EXERCISE INSTRUCTIONS: Would you copy the records exactly, leaving the pictures out?

Extracted data entries:
▼
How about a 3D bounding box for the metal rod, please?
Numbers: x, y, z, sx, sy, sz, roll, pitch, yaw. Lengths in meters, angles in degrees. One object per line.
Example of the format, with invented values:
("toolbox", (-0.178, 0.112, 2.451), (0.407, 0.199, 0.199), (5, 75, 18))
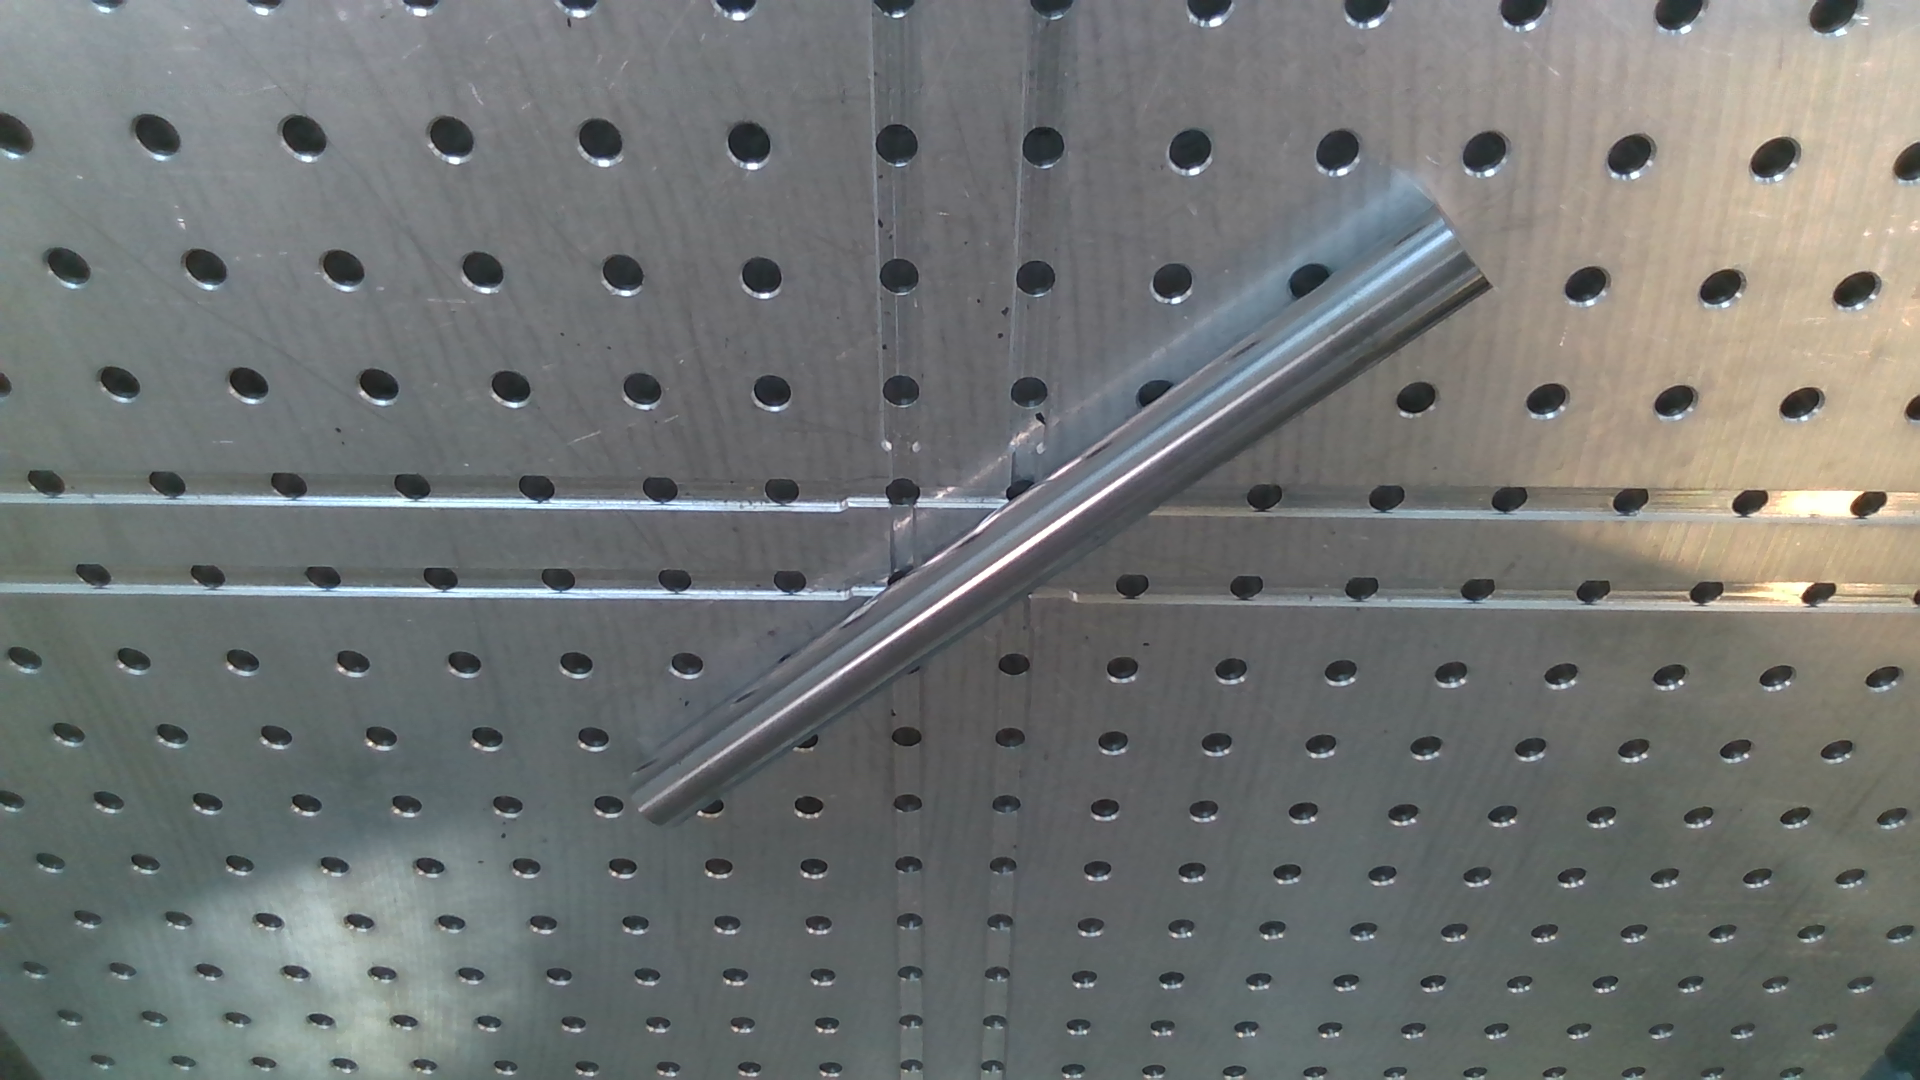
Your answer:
▲
RESPONSE TO THE TASK:
How about a 3D bounding box for the metal rod, please?
Numbers: x, y, z, sx, sy, sz, roll, pitch, yaw. Lengths in meters, angles in degrees. One object per line.
Example of the format, with invented values:
("toolbox", (-0.178, 0.112, 2.451), (0.407, 0.199, 0.199), (5, 75, 18))
Your answer:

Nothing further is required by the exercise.